KABAR PAJAJARAN – Sejumlah komoditas pangan menunjukkan pergerakan harga yang beragam pada perdagangan Minggu (7/6/2026). Harga cabai mengalami koreksi cukup dalam setelah sempat bertahan di level tinggi dalam beberapa pekan terakhir. Di sisi lain, harga bawang merah dan minyak goreng masih mencatat kenaikan.
Meski turun, harga cabai rawit merah masih berada di atas Rp 75.000 per kilogram. Komoditas ini menjadi salah satu bahan pangan dengan harga tertinggi di pasar. Sementara itu, cabai merah keriting dan cabai merah besar juga mengalami penurunan dua digit secara persentase.
Harga cabai rawit merah tercatat Rp 75.700 per kilogram atau turun 8,19 persen dibandingkan sebelumnya. Cabai merah keriting dijual Rp 61.000 per kilogram setelah terkoreksi 12,61 persen. Adapun cabai merah besar turun 11,64 persen menjadi Rp 64.550 per kilogram.
ADVERTISEMENT
SCROLL TO RESUME CONTENT
Bawang Merah dan Minyak Goreng Menguat
Berbeda dengan cabai, harga bawang merah justru bergerak naik. Kenaikan paling signifikan terjadi pada bawang merah ukuran sedang yang mencapai hampir 7 persen.

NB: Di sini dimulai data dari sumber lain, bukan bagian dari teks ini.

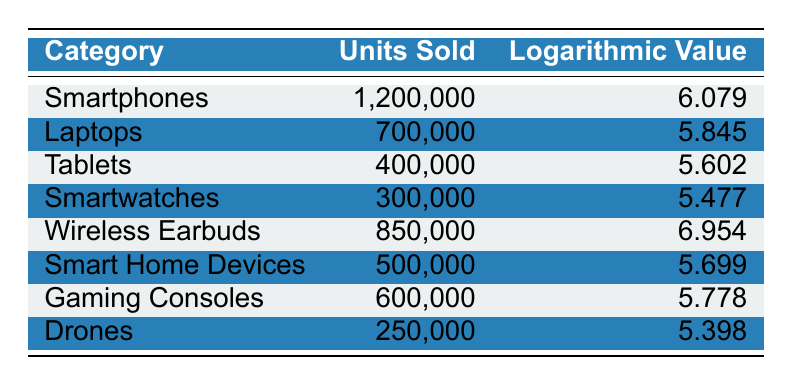What is the category with the highest units sold? From the table, "Smartphones" has the highest units sold, totaling 1,200,000.
Answer: Smartphones How many units were sold in the "Wireless Earbuds" category? The table shows that "Wireless Earbuds" had 850,000 units sold.
Answer: 850,000 What is the difference in units sold between "Smartphones" and "Tablets"? The units sold for "Smartphones" is 1,200,000 and for "Tablets" it's 400,000. The difference is 1,200,000 - 400,000 = 800,000.
Answer: 800,000 Is the logarithmic value for "Gaming Consoles" greater than that for "Smart Home Devices"? The logarithmic value for "Gaming Consoles" is 5.778, while for "Smart Home Devices" it is 5.699. Since 5.778 > 5.699, the statement is true.
Answer: Yes What is the average logarithmic value of "Smartwatches" and "Drones"? The logarithmic values are 5.477 for "Smartwatches" and 5.398 for "Drones." Adding these gives 5.477 + 5.398 = 10.875, and dividing by 2 gives an average of 10.875 / 2 = 5.4375.
Answer: 5.4375 Which categories sold more than 600,000 units? Referring to the table, "Smartphones" (1,200,000) and "Wireless Earbuds" (850,000) sold more than 600,000 units.
Answer: Smartphones, Wireless Earbuds What is the total number of units sold across all categories listed? To find the total, sum up all units sold: 1,200,000 + 700,000 + 400,000 + 300,000 + 850,000 + 500,000 + 600,000 + 250,000 = 4,800,000.
Answer: 4,800,000 Is it true that "Tablets" have a logarithmic value greater than "Drones"? The logarithmic value for "Tablets" is 5.602 and for "Drones" is 5.398. Since 5.602 > 5.398, it is true.
Answer: Yes What is the category with the lowest logarithmic value? The lowest logarithmic value in the table is for "Drones," which has a value of 5.398.
Answer: Drones 
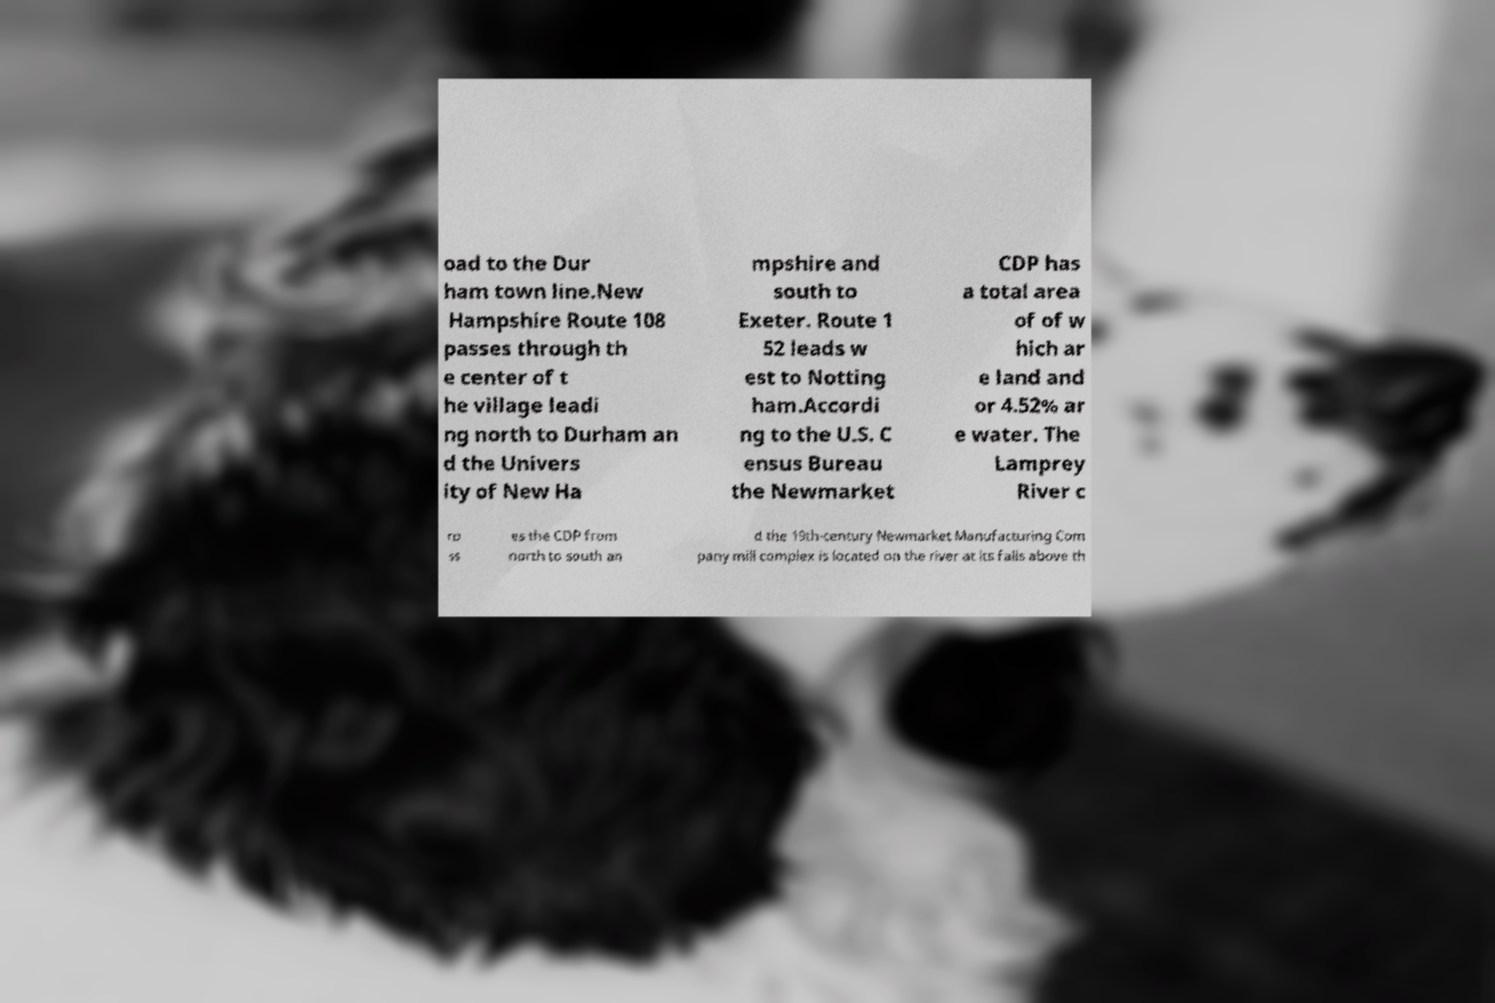Can you read and provide the text displayed in the image?This photo seems to have some interesting text. Can you extract and type it out for me? oad to the Dur ham town line.New Hampshire Route 108 passes through th e center of t he village leadi ng north to Durham an d the Univers ity of New Ha mpshire and south to Exeter. Route 1 52 leads w est to Notting ham.Accordi ng to the U.S. C ensus Bureau the Newmarket CDP has a total area of of w hich ar e land and or 4.52% ar e water. The Lamprey River c ro ss es the CDP from north to south an d the 19th-century Newmarket Manufacturing Com pany mill complex is located on the river at its falls above th

Pedagang menjual bawang merah ukuran sedang seharga Rp 54.350 per kilogram atau naik 6,99 persen. Sementara itu, harga bawang putih ukuran sedang ikut meningkat 0,52 persen menjadi Rp 38.850 per kilogram.
Kenaikan juga terjadi pada kelompok minyak goreng. Harga minyak goreng curah mencapai Rp 20.700 per kilogram setelah naik 0,73 persen. Minyak goreng kemasan bermerek 1 naik menjadi Rp 24.050 per kilogram, sedangkan minyak goreng bermerek 2 berada di level Rp 23.200 per kilogram.
Harga Beras dan Gula Relatif Stabil
Pergerakan harga beras cenderung stabil dengan kenaikan tipis pada beberapa jenis. Beras kualitas super I naik 0,29 persen menjadi Rp 17.500 per kilogram. Beras kualitas bawah I juga naik 0,34 persen menjadi Rp 14.650 per kilogram.
Sementara itu, beras kualitas super II, beras medium I, beras medium II, dan beras kualitas bawah II tidak mengalami perubahan harga.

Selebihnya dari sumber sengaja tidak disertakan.